Caustics of wave fronts reflected by a surface¹¹1Journal of Mathematical Sciences and Modeling, 2018, V 1, Issue 2, Pages 131 - 137. https://doi.org/10.33187/jmsm.431543

The caustic of reflected wave front is the envelope of the family of rays emitted from a given point $O$ (source) and reflected by smooth surface $S$ (mirror). This type of caustics are called by catacaustics or caustics by reflection. There are a number of research on caustics and catacaustics.

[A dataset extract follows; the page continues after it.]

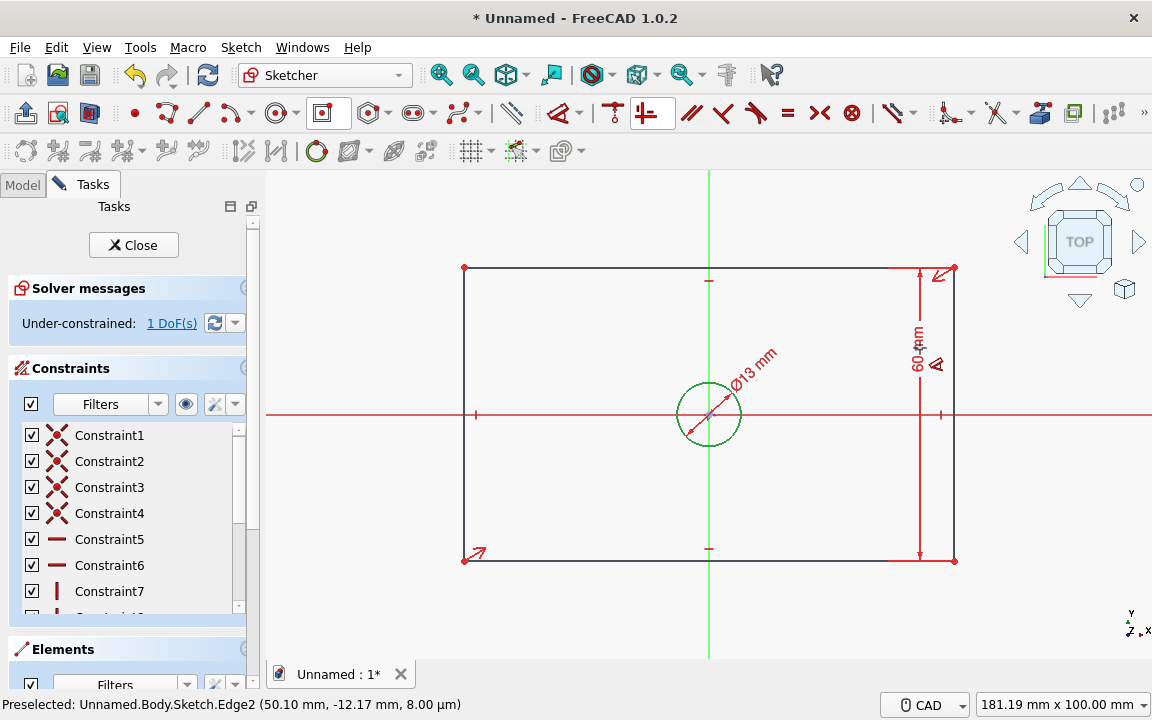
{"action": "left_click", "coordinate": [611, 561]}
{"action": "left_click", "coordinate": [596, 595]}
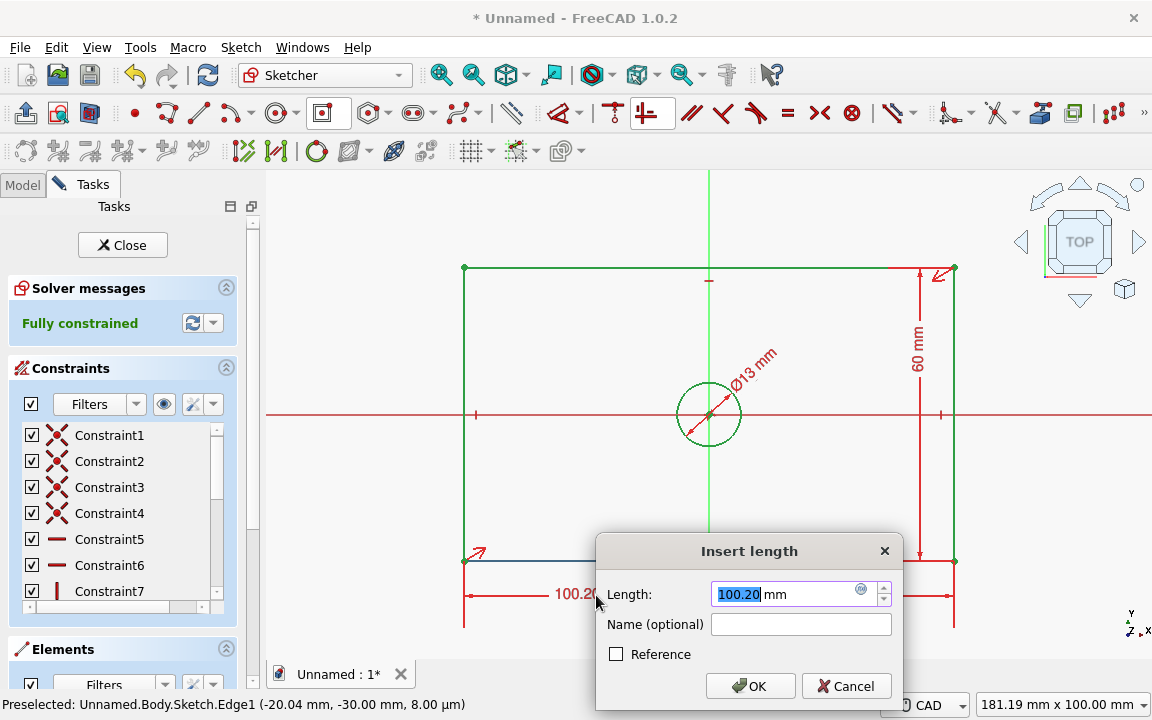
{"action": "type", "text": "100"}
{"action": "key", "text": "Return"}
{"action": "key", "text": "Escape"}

Mostly, the authors were interested in topology of the caustic [1, 3]. Nice research concerning location of the catacaustic inside compact convex body one can find in [2]. The catacaustics of a canal surfaces were studied in [4]. The caustics of a translation surfaces were considered in [6]. The caustics on spheres and cylinders of revolution were studied in [7]. A survey on the theory of caustics and wave front propagations with applications to geometry one can found in [5]. The catacaustics from engineering viewpoint in connection with antenna’s technologies have been studied in [8]. The research presented in the mentioned above papers do not use the parametric equation of the caustic.

In this paper, we show that to find the caustic of reflected rays of a surface we should consider a "virtual deformation" of the mirror and its second fundamental form under influence of the incident pencil of rays. This approach allowed to give an explicit parameterization of the caustic of the reflected front in geometric terms of the mirror surface (Theorem 1.1, Theorem 2.1).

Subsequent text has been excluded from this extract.